Anomaly-based approaches are used to study normal system activity and network traffic when evaluating network behavior. When the device or network behavior deviates from its normal or general behavior, these methods detect an anomaly or attack. Owing to their flexibility to cope with zero-day or new attacks, anomaly-based approaches are often used. Another benefit of using anomaly-based approaches is that the profile for normal device or network activity varies by program and protocol, making it difficult for an attacker to break into the system. Furthermore, the information that triggers an attack warning almost always identifies misuse. The biggest disadvantage of using an anomaly-based approach is the increased likelihood of false attack detection, also known as a false warning. When regular traffic is mistakenly identified as an attack, a false alarm occurs. The explanation for this is that there is activity that has never been observed before and is classified as an intrusion or anomaly.

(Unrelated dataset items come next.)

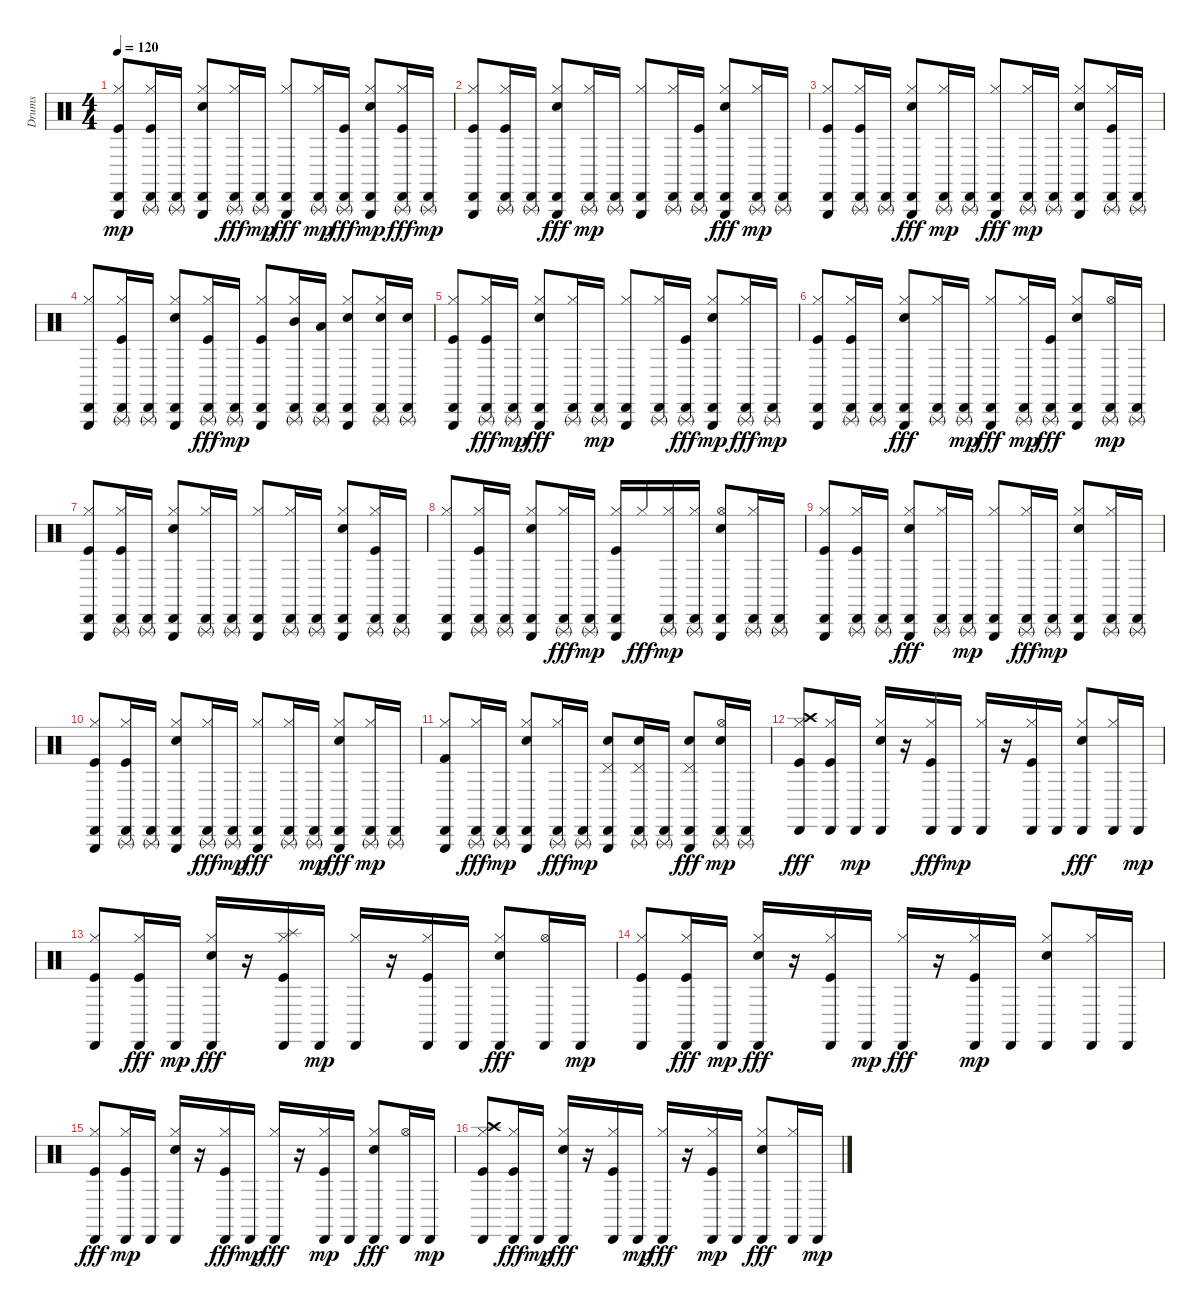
\track ("Drums" "Drums") {instrument percussion}
\staff {score}
\articulation defaults
\ts (4 4)
\tempo 120
\clef neutral
\ks c
("Kick (hit)" "Cabasa (hit)" "Hi-Hat (closed)" "Triangle (hit)").8{dy mp} ("Hi-Hat (closed)" "Kick (hit)" "Cabasa (hit)" "Triangle (rnute)").16 ("Cabasa (hit)" "Triangle (rnute)").16 ("Hi-Hat (closed)" "Snare (hit) 2" "Cabasa (hit)" "Triangle (hit)").8 ("Triangle (rnute)" "Cabasa (hit)" "Hi-Hat (closed)").16{dy fff} ("Cabasa (hit)" "Triangle (rnute)").16{dy mp} ("Triangle (hit)" "Cabasa (hit)" "Hi-Hat (closed)").8{dy fff} ("Hi-Hat (closed)" "Cabasa (hit)" "Triangle (rnute)").16{dy mp} ("Cabasa (hit)" "Triangle (rnute)" "Kick (hit)").16{dy fff} ("Hi-Hat (closed)" "Snare (hit) 2" "Triangle (hit)" "Cabasa (hit)").8{dy mp} ("Cabasa (hit)" "Kick (hit)" "Triangle (rnute)" "Hi-Hat (closed)").16{dy fff} ("Cabasa (hit)" "Triangle (rnute)").16{dy mp} |
("Cabasa (hit)" "Kick (hit)" "Hi-Hat (closed)" "Triangle (hit)").8 ("Hi-Hat (closed)" "Kick (hit)" "Cabasa (hit)" "Triangle (rnute)").16 ("Triangle (rnute)" "Cabasa (hit)").16 ("Cabasa (hit)" "Snare (hit) 2" "Triangle (hit)" "Hi-Hat (closed)").8{dy fff} ("Hi-Hat (closed)" "Cabasa (hit)" "Triangle (rnute)").16{dy mp} ("Triangle (rnute)" "Cabasa (hit)").16 ("Triangle (hit)" "Hi-Hat (closed)" "Cabasa (hit)").8 ("Hi-Hat (closed)" "Cabasa (hit)" "Triangle (rnute)").16 ("Kick (hit)" "Cabasa (hit)" "Triangle (rnute)").16 ("Snare (hit) 2" "Triangle (hit)" "Cabasa (hit)" "Hi-Hat (closed)").8{dy fff} ("Hi-Hat (closed)" "Triangle (rnute)" "Cabasa (hit)").16{dy mp} ("Cabasa (hit)" "Triangle (rnute)").16 |
("Cabasa (hit)" "Kick (hit)" "Hi-Hat (closed)" "Triangle (hit)").8 ("Hi-Hat (closed)" "Cabasa (hit)" "Kick (hit)" "Triangle (rnute)").16 ("Triangle (rnute)" "Cabasa (hit)").16 ("Snare (hit) 2" "Cabasa (hit)" "Triangle (hit)" "Hi-Hat (closed)").8{dy fff} ("Hi-Hat (closed)" "Cabasa (hit)" "Triangle (rnute)").16{dy mp} ("Triangle (rnute)" "Cabasa (hit)").16 ("Triangle (hit)" "Cabasa (hit)" "Hi-Hat (closed)").8{dy fff} ("Cabasa (hit)" "Hi-Hat (closed)" "Triangle (rnute)").16{dy mp} ("Triangle (rnute)" "Cabasa (hit)").16 ("Snare (hit) 2" "Hi-Hat (closed)" "Triangle (hit)" "Cabasa (hit)").8 ("Kick (hit)" "Hi-Hat (closed)" "Triangle (rnute)" "Cabasa (hit)").16 ("Cabasa (hit)" "Triangle (rnute)").16 |
("Hi-Hat (closed)" "Cabasa (hit)" "Triangle (hit)").8 ("Kick (hit)" "Cabasa (hit)" "Hi-Hat (closed)" "Triangle (rnute)").16 ("Cabasa (hit)" "Triangle (rnute)").16 ("Cabasa (hit)" "Hi-Hat (closed)" "Snare (hit) 2" "Triangle (hit)").8 ("Triangle (rnute)" "Cabasa (hit)" "Hi-Hat (closed)" "Kick (hit)").16{dy fff} ("Triangle (rnute)" "Cabasa (hit)").16{dy mp} ("Cabasa (hit)" "Hi-Hat (closed)" "Kick (hit)" "Triangle (hit)").8 ("Hi-Hat (closed)" "Mid Tom (hit)" "Cabasa (hit)" "Triangle (rnute)").16 ("Low Tom (hit)" "Triangle (rnute)" "Cabasa (hit)").16 ("Snare (hit) 2" "Hi-Hat (closed)" "Triangle (hit)" "Cabasa (hit)").8 ("Triangle (rnute)" "Hi-Hat (closed)" "Cabasa (hit)" "Snare (hit) 2").16 ("Cabasa (hit)" "Triangle (rnute)" "Snare (hit) 2").16 |
("Hi-Hat (closed)" "Kick (hit)" "Cabasa (hit)" "Triangle (hit)").8 ("Cabasa (hit)" "Kick (hit)" "Triangle (rnute)" "Hi-Hat (closed)").16{dy fff} ("Cabasa (hit)" "Triangle (rnute)").16{dy mp} ("Snare (hit) 2" "Triangle (hit)" "Cabasa (hit)" "Hi-Hat (closed)").8{dy fff} ("Cabasa (hit)" "Triangle (rnute)" "Hi-Hat (closed)").16 ("Triangle (rnute)" "Cabasa (hit)").16{dy mp} ("Hi-Hat (closed)" "Triangle (hit)" "Cabasa (hit)").8 ("Cabasa (hit)" "Hi-Hat (closed)" "Triangle (rnute)").16 ("Cabasa (hit)" "Triangle (rnute)" "Kick (hit)").16{dy fff} ("Cabasa (hit)" "Hi-Hat (closed)" "Triangle (hit)" "Snare (hit) 2").8{dy mp} ("Triangle (rnute)" "Cabasa (hit)" "Hi-Hat (closed)").16{dy fff} ("Triangle (rnute)" "Cabasa (hit)").16{dy mp} |
("Cabasa (hit)" "Hi-Hat (closed)" "Kick (hit)" "Triangle (hit)").8 ("Kick (hit)" "Hi-Hat (closed)" "Cabasa (hit)" "Triangle (rnute)").16 ("Cabasa (hit)" "Triangle (rnute)").16 ("Triangle (hit)" "Cabasa (hit)" "Hi-Hat (closed)" "Snare (hit) 2").8{dy fff} ("Cabasa (hit)" "Triangle (rnute)" "Hi-Hat (closed)").16 ("Triangle (rnute)" "Cabasa (hit)").16{dy mp} ("Cabasa (hit)" "Triangle (hit)" "Hi-Hat (closed)").8{dy fff} ("Hi-Hat (closed)" "Cabasa (hit)" "Triangle (rnute)").16{dy mp} ("Cabasa (hit)" "Triangle (rnute)" "Kick (hit)").16{dy fff} ("Cabasa (hit)" "Snare (hit) 2" "Triangle (hit)" "Hi-Hat (closed)").8 ("Triangle (rnute)" "Hi-Hat (open)" "Cabasa (hit)").16{dy mp} ("Triangle (rnute)" "Cabasa (hit)").16 |
("Kick (hit)" "Cabasa (hit)" "Hi-Hat (closed)" "Triangle (hit)").8 ("Hi-Hat (closed)" "Kick (hit)" "Cabasa (hit)" "Triangle (rnute)").16 ("Triangle (rnute)" "Cabasa (hit)").16 ("Hi-Hat (closed)" "Snare (hit) 2" "Triangle (hit)" "Cabasa (hit)").8 ("Triangle (rnute)" "Hi-Hat (closed)" "Cabasa (hit)").16 ("Triangle (rnute)" "Cabasa (hit)").16 ("Triangle (hit)" "Hi-Hat (closed)" "Cabasa (hit)").8 ("Hi-Hat (closed)" "Cabasa (hit)" "Triangle (rnute)").16 ("Triangle (rnute)" "Cabasa (hit)").16 ("Snare (hit) 2" "Cabasa (hit)" "Hi-Hat (closed)" "Triangle (hit)").8 ("Cabasa (hit)" "Kick (hit)" "Hi-Hat (closed)" "Triangle (rnute)").16 ("Triangle (rnute)" "Cabasa (hit)").16 |
("Hi-Hat (closed)" "Cabasa (hit)" "Triangle (hit)").8 ("Hi-Hat (closed)" "Kick (hit)" "Cabasa (hit)" "Triangle (rnute)").16 ("Cabasa (hit)" "Triangle (rnute)").16 ("Hi-Hat (closed)" "Cabasa (hit)" "Snare (hit) 2" "Triangle (hit)").8 ("Triangle (rnute)" "Cabasa (hit)" "Hi-Hat (closed)").16{dy fff} ("Cabasa (hit)" "Triangle (rnute)").16{dy mp} ("Triangle (hit)" "Kick (hit)" "Hi-Hat (closed)" "Cabasa (hit)").16 "Hi-Hat (closed)".16{dy fff} ("Hi-Hat (closed)" "Cabasa (hit)" "Triangle (rnute)").16{dy mp} ("Cabasa (hit)" "Hi-Hat (closed)" "Triangle (rnute)").16 ("Hi-Hat (open)" "Snare (hit) 2" "Cabasa (hit)" "Triangle (hit)").8 ("Triangle (rnute)" "Hi-Hat (closed)" "Cabasa (hit)").16 ("Cabasa (hit)" "Triangle (rnute)").16 |
("Cabasa (hit)" "Hi-Hat (closed)" "Kick (hit)" "Triangle (hit)").8 ("Kick (hit)" "Hi-Hat (closed)" "Cabasa (hit)" "Triangle (rnute)").16 ("Triangle (rnute)" "Cabasa (hit)").16 ("Cabasa (hit)" "Snare (hit) 2" "Triangle (hit)" "Hi-Hat (closed)").8{dy fff} ("Triangle (rnute)" "Cabasa (hit)" "Hi-Hat (closed)").16 ("Triangle (rnute)" "Cabasa (hit)").16{dy mp} ("Hi-Hat (closed)" "Triangle (hit)" "Cabasa (hit)").8 ("Triangle (rnute)" "Cabasa (hit)" "Hi-Hat (closed)").16{dy fff} ("Triangle (rnute)" "Cabasa (hit)").16{dy mp} ("Hi-Hat (closed)" "Triangle (hit)" "Cabasa (hit)" "Snare (hit) 2").8 ("Cabasa (hit)" "Hi-Hat (closed)" "Triangle (rnute)").16 ("Cabasa (hit)" "Triangle (rnute)").16 |
("Hi-Hat (closed)" "Cabasa (hit)" "Kick (hit)" "Triangle (hit)").8 ("Hi-Hat (closed)" "Kick (hit)" "Cabasa (hit)" "Triangle (rnute)").16 ("Cabasa (hit)" "Triangle (rnute)").16 ("Cabasa (hit)" "Hi-Hat (closed)" "Snare (hit) 2" "Triangle (hit)").8 ("Triangle (rnute)" "Cabasa (hit)" "Hi-Hat (closed)").16{dy fff} ("Cabasa (hit)" "Triangle (rnute)").16{dy mp} ("Triangle (hit)" "Cabasa (hit)" "Hi-Hat (closed)").8{dy fff} ("Triangle (rnute)" "Cabasa (hit)" "Hi-Hat (closed)").16 ("Triangle (rnute)" "Cabasa (hit)").16{dy mp} ("Snare (hit) 2" "Triangle (hit)" "Cabasa (hit)" "Hi-Hat (closed)").8{dy fff} ("Cabasa (hit)" "Hi-Hat (closed)" "Triangle (rnute)").16{dy mp} ("Cabasa (hit)" "Triangle (rnute)").16 |
("Hi-Hat (closed)" "Kick (hit) 2" "Cabasa (hit)" "Triangle (hit)").8 ("Cabasa (hit)" "Triangle (rnute)" "Hi-Hat (closed)").16{dy fff} ("Triangle (rnute)" "Cabasa (hit)").16{dy mp} ("Hi-Hat (closed)" "Triangle (hit)" "Snare (hit) 2" "Cabasa (hit)").8 ("Cabasa (hit)" "Triangle (rnute)" "Hi-Hat (closed)").16{dy fff} ("Triangle (rnute)" "Cabasa (hit)").16{dy mp} ("Cabasa (hit)" "Snare (hit) 2" "Triangle (hit)" "Pedal Hi-Hat (hit)").8 ("Triangle (rnute)" "Pedal Hi-Hat (hit)" "Cabasa (hit)" "Snare (hit) 2").16 ("Cabasa (hit)" "Triangle (rnute)").16 ("Snare (hit) 2" "Cabasa (hit)" "Triangle (hit)" "Pedal Hi-Hat (hit)").8{dy fff} ("Hi-Hat (open)" "Triangle (rnute)" "Snare (hit) 2" "Cabasa (hit)").16{dy mp} ("Triangle (rnute)" "Cabasa (hit)").16 |
("Kick (hit)" "Cabasa (hit)" "Crash high (hit)" "Hi-Hat (closed)").8{dy fff} ("Cabasa (hit)" "Kick (hit)" "Hi-Hat (closed)").16 "Cabasa (hit)".16{dy mp} ("Snare (hit) 2" "Hi-Hat (closed)" "Cabasa (hit)").16 r.16 ("Cabasa (hit)" "Kick (hit)" "Hi-Hat (closed)").16{dy fff} "Cabasa (hit)".16{dy mp} ("Hi-Hat (closed)" "Cabasa (hit)").16 r.16 ("Kick (hit)" "Hi-Hat (closed)" "Cabasa (hit)").16 "Cabasa (hit)".16 ("Cabasa (hit)" "Snare (hit) 2" "Hi-Hat (closed)").8{dy fff} ("Cabasa (hit)" "Hi-Hat (closed)").16 "Cabasa (hit)".16{dy mp} |
("Kick (hit)" "Hi-Hat (closed)" "Cabasa (hit)").8 ("Kick (hit)" "Cabasa (hit)" "Hi-Hat (closed)").16{dy fff} "Cabasa (hit)".16{dy mp} ("Cabasa (hit)" "Snare (hit) 2" "Hi-Hat (closed)").16{dy fff} r.16 ("Kick (hit)" "Cabasa (hit)" "Splash (hit)" "Hi-Hat (closed)").16 "Cabasa (hit)".16{dy mp} ("Hi-Hat (closed)" "Cabasa (hit)").16 r.16 ("Hi-Hat (closed)" "Kick (hit)" "Cabasa (hit)").16 "Cabasa (hit)".16 ("Cabasa (hit)" "Hi-Hat (closed)" "Snare (hit) 2").8{dy fff} ("Cabasa (hit)" "Hi-Hat (open)").16 "Cabasa (hit)".16{dy mp} |
("Kick (hit)" "Hi-Hat (closed)" "Cabasa (hit)").8 ("Cabasa (hit)" "Kick (hit)" "Hi-Hat (closed)").16{dy fff} "Cabasa (hit)".16{dy mp} ("Cabasa (hit)" "Hi-Hat (closed)" "Snare (hit) 2").16{dy fff} r.16 ("Hi-Hat (closed)" "Cabasa (hit)" "Kick (hit)").16 "Cabasa (hit)".16{dy mp} ("Cabasa (hit)" "Hi-Hat (closed)").16{dy fff} r.16 ("Kick (hit)" "Hi-Hat (closed)" "Cabasa (hit)").16{dy mp} "Cabasa (hit)".16 ("Hi-Hat (closed)" "Cabasa (hit)" "Snare (hit) 2").8 ("Hi-Hat (closed)" "Cabasa (hit)").16 "Cabasa (hit)".16 |
("Cabasa (hit)" "Kick (hit)" "Hi-Hat (closed)").8{dy fff} ("Hi-Hat (closed)" "Kick (hit)" "Cabasa (hit)").16{dy mp} "Cabasa (hit)".16 ("Snare (hit) 2" "Hi-Hat (closed)" "Cabasa (hit)").16 r.16 ("Cabasa (hit)" "Kick (hit)" "Hi-Hat (closed)").16{dy fff} "Cabasa (hit)".16{dy mp} ("Cabasa (hit)" "Hi-Hat (closed)").16{dy fff} r.16 ("Kick (hit)" "Hi-Hat (closed)" "Cabasa (hit)").16{dy mp} "Cabasa (hit)".16 ("Cabasa (hit)" "Hi-Hat (closed)" "Snare (hit) 2").8{dy fff} ("Cabasa (hit)" "Hi-Hat (open)").16 "Cabasa (hit)".16{dy mp} |
("Crash high (hit)" "Kick (hit)" "Hi-Hat (closed)" "Cabasa (hit)").8 ("Cabasa (hit)" "Hi-Hat (closed)" "Kick (hit)").16{dy fff} "Cabasa (hit)".16{dy mp} ("Cabasa (hit)" "Hi-Hat (closed)" "Snare (hit) 2").16{dy fff} r.16 ("Cabasa (hit)" "Hi-Hat (closed)" "Kick (hit)").16 "Cabasa (hit)".16{dy mp} ("Cabasa (hit)" "Hi-Hat (closed)").16{dy fff} r.16 ("Kick (hit)" "Hi-Hat (closed)" "Cabasa (hit)").16{dy mp} "Cabasa (hit)".16 ("Cabasa (hit)" "Hi-Hat (closed)" "Snare (hit) 2").8{dy fff} ("Cabasa (hit)" "Hi-Hat (closed)").16 "Cabasa (hit)".16{dy mp}

IDS is a technique of detecting malicious behavior in a computer-related environment. Among the key aspect of network defense is the IDS. It is a technique that analyzes network/system functions for the detection of vulnerability, which could be exploited by attackers against a computer system. Host-based IDS (HIDS) [2], Network-based IDS (NIDS) [3, 4], (HIDS), and Wireless IDS [5, 6] are different types of IDS. There's a Hybrid IDS that blends different types of IDS. The host-based IDS control one host's operations and discover whether illicit operation occurs. HIDS mainly documents process activities and maintains the confidentiality of computer archives, file access, and registry entries. IDS methods for detecting anomalies are invaluable since an intrusion operation is different from the system's usual activity. Intrusion detection systems based on host systems (HIDS) run on individual systems which require information collection and analysis techniques for that specific system [7-9].

2. Related Works

Multiple ML techniques have been employed in the work of [9] for the purpose of addressing the difficulties of low precision when working with low frequency attacks that have plagued previous IDS when artificial neural networks with fuzzy clustering are used. They were able to do this by dividing the heterogeneous set of training data into uniform subsets, thereby reducing the complexity of the whole training set. The proposed work used J48 decision trees, Multilayer Perceptron (MLP) [10, 11], and Bayes network algorithms, with J48 trees providing the highest precision. One of their major flaws is their failure to use feature filtering to exclude all unrelated data. Their failure to use feature filtering to exclude all unrelated, unnecessary, and unwelcome features is a significant flaw in their work.

The used a voting classifier to combine the outputs of multiple supervised and unsupervised ML models in an ensemble dependent ML technique. The accuracy and efficiency of IDS was improved by using the ensemble model. They used the Kyoto-2006 dataset [12-14], and it is more appealing than the more widely used KDDCup99 dataset due to its age. This allows them to achieve a certain degree of precision, but the outcome recall is very poor in a few situations, indicating high false negative rates (FPR).

Thaseen et al. [11] suggested a real-time hybrid IDS technique in which the signature-based technique was adopted to discover defined attacks and the anomaly technique was used to discover and halt zero-day attacks. The anomaly detection technique was used to achieve a high detection rate so patterns of intrusions that escaped the misuse detection technique could be detected as an intrusion by the anomaly detection approach. The algorithm's accuracy improved progressively per day, thereby obtaining a notable accuracy percentage of 92.65 on the final day of the test. When the technique is evaluated to very large datasets, the challenge of slow detection rate remains.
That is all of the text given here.